Pushing himself up to a sitting position, he leaned his elbows on his knees, before shifting his gaze to his brother. “Enjoy your lunch?”
“What are you doing here?” he said, sounding exasperated.
Cordell rose, stretched, yawned and walked slowly over to the bars and his brother. He had come to warn Max, but it was a hell of a lot more than that. He knew his brother was going to need his help and that Max would fight him on that. That’s if his brother even believed what he was about to tell him.
Max passed a sandwich wrapped in waxed paper through the bars to him. Cordell took it, tearing off the paper and devouring it in a few bites as his brother watched. “When was the last time you ate?”
“It’s been a while,” he admitted. “I didn’t want to take the time to eat. Grabbed something only when I bought gas for the truck. Goldie make the sandwich?

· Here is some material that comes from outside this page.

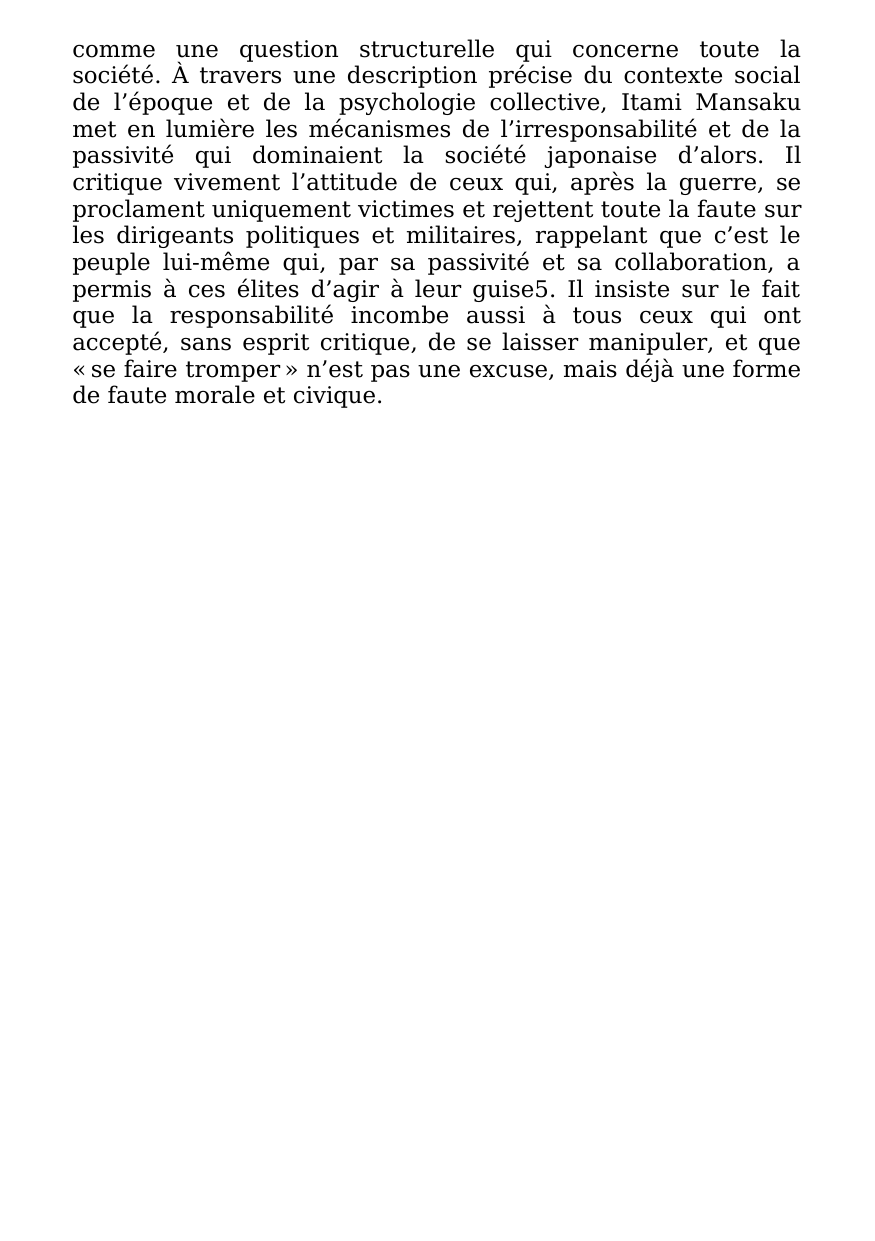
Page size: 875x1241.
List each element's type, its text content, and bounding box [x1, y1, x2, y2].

text comme une question structurelle qui concerne toute la société. À travers une description précise du contexte social de l’époque et de la psychologie collective, Itami Mansaku met en lumière les mécanismes de l’irresponsabilité et de la passivité qui dominaient la société japonaise d’alors. Il critique vivement l’attitude de ceux qui, après la guerre, se proclament uniquement victimes et rejettent toute la faute sur les dirigeants politiques et militaires, rappelant que c’est le peuple lui-même qui, par sa passivité et sa collaboration, a permis à ces élites d’agir à leur guise5. Il insiste sur le fait que la responsabilité incombe aussi à tous ceux qui ont accepté, sans esprit critique, de se laisser manipuler, et que « se faire tromper » n’est pas une excuse, mais déjà une forme de faute morale et civique. [72, 36, 802, 409]

It’s really good.” He paused before he asked, “You two still together?”
Max sighed. “If you need money—”
Cordell shook his head. “It’s not that.”
“So why would you take the chance, coming back here, knowing you have warrants out on you?” his brother demanded.
He wiped his mouth with his sleeve and swallowed the last bite of the sandwich as he wadded up the waxed paper. Max reached through the bars for his brother’s trash as Cordell cleared his voice and said, “I was down in Florida in this motel on the Gulf side. The TV was on. I wasn’t really watching it until I recognized his voice and looked up and—”
“Is this going to be one of your long-winded stories?” Max interrupted.